|
Clinton gezisinin perde arkası
Bill Clintonun çok işlevli Avrupa seyahatinin bilançosu tahmin edildiğinin de gerisinde kaldı. Bu ziyaretin tanımlanması konusunda başvurulan dolambaçlı tarifler bile kendi başına ciddi bir sıkıntının ifadesi oldular. Sözkonusu seyahate önce bir elveda ziyareti denildi, ardından Putinle bir ilk temas sayıldı, arasıra ABD/Rusya zirvesi olarak tanıtıldı vs... Yani hem önemli hem önemsiz gösterilmeye çalışıldı.
Sonuçta biçim ne olursa olsun, bu gezinin esasına ilişkin olarak iki noktayı hatırlatmak durumundayız.

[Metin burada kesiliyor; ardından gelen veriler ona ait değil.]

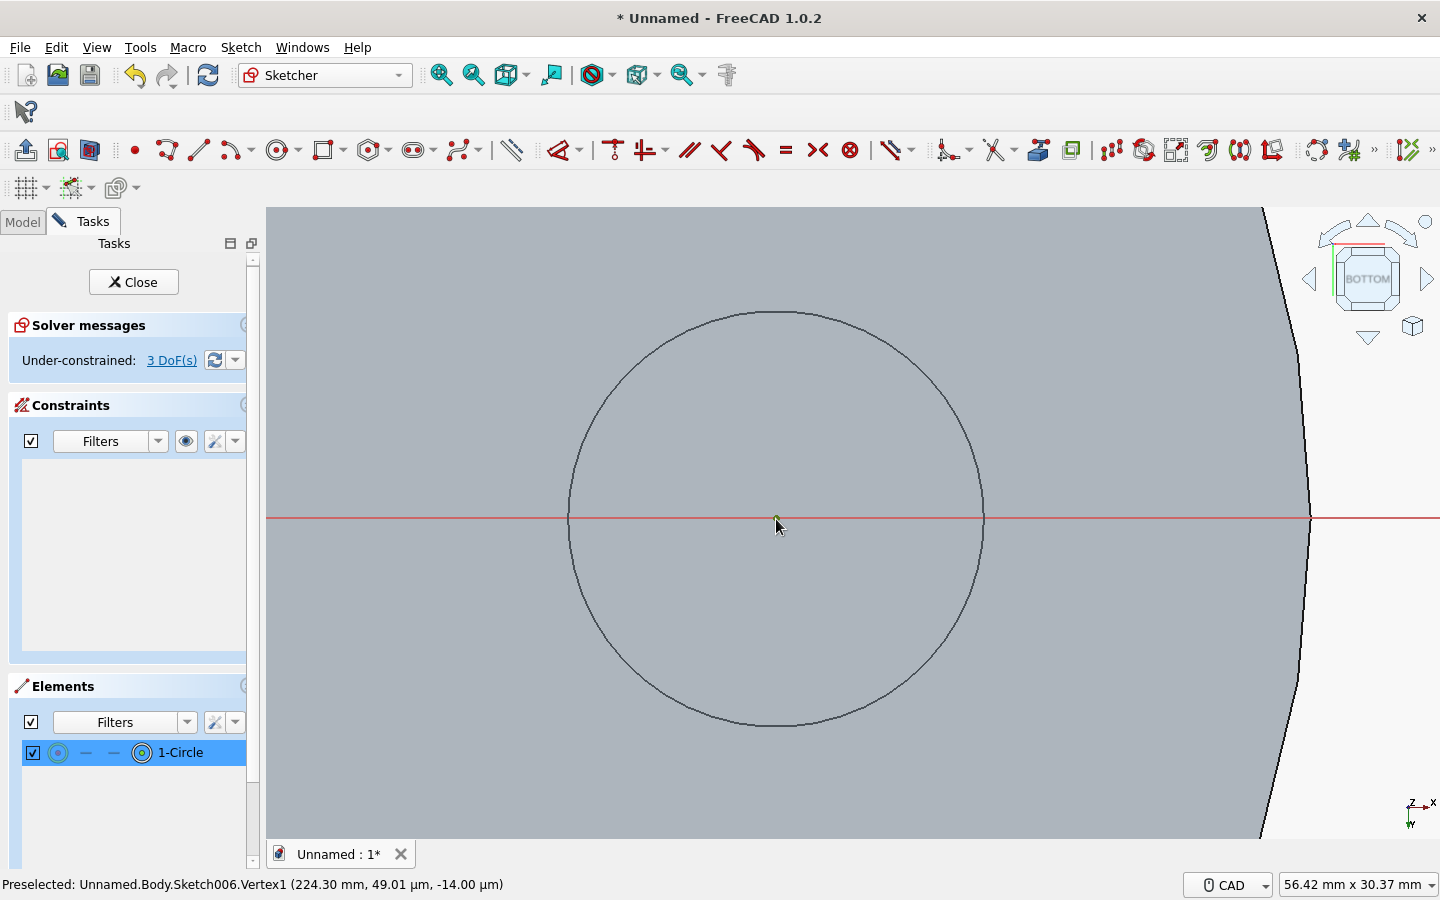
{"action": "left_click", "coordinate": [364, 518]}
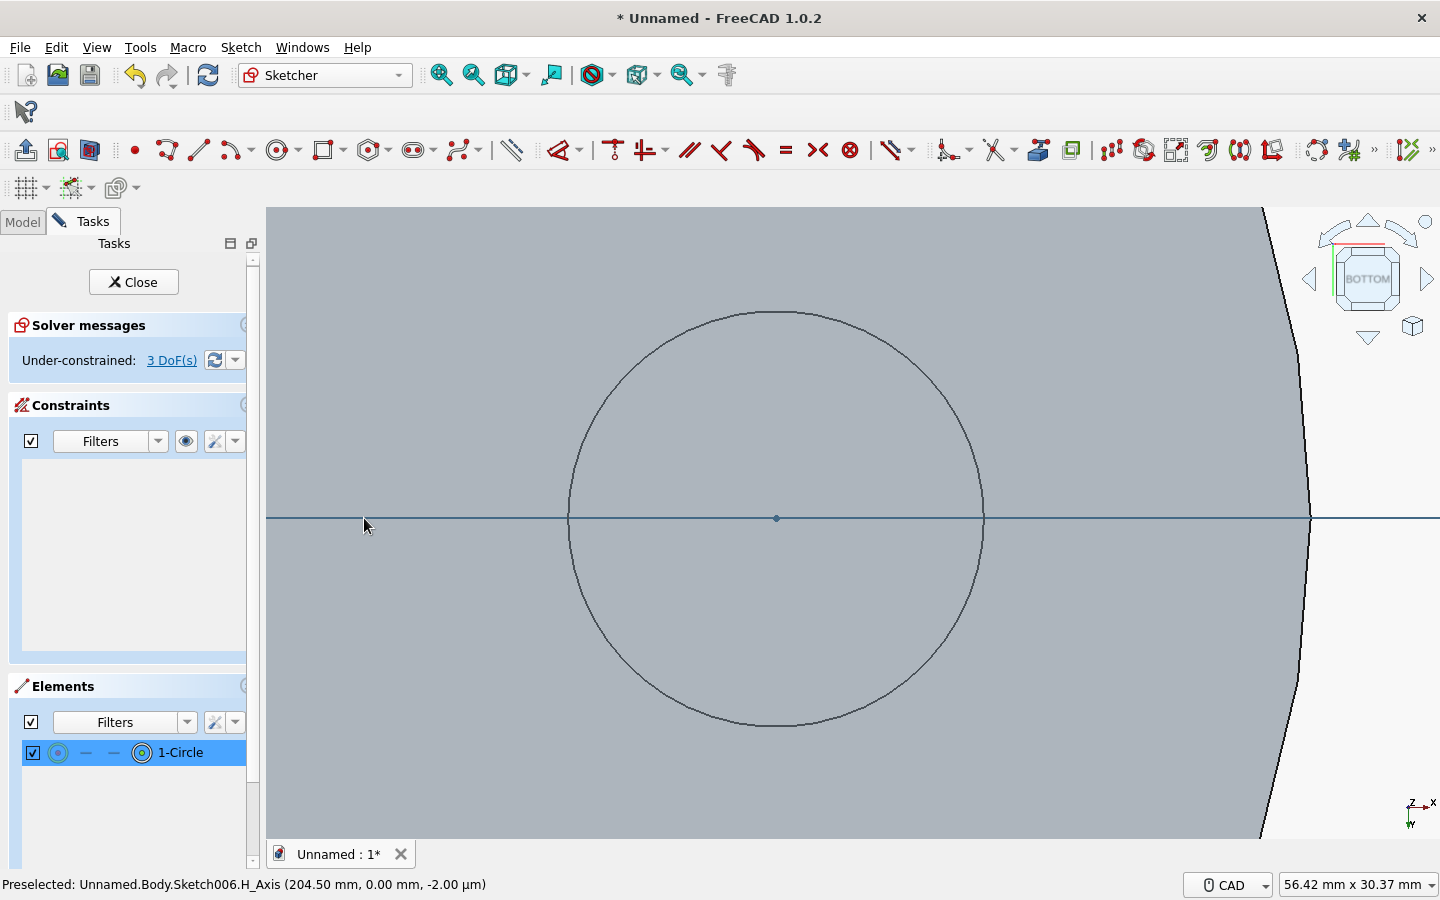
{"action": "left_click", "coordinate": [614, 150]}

Birincisi, bir ABD başkanının birçok Avrupa ülkesini ve özellikle de Rusyayı kapsayan gezisinin sıradan bir nezaket ziyareti düzeyine indirgenemeyeceği açıktır. İkincisi, bu gezi sırasında işlenmeye, tartışılmaya ve hatta önden pazarlığı yapılmaya çalışılan konudur. ABDnin geliştirmek istediği nükleer savunma kalkan projesi Bill Clintonun baştan itibaren tüm muhataplarıyla temaslarının ana konusunu oluşturdu. Demek oluyor ki, nezaket görüşmesi kılıfı altında ve üstelik pek fazla seremoniye girilmeden, güvenlik ve silahlanma gibi son derece ciddi bir sorun gezinin esas konusudur.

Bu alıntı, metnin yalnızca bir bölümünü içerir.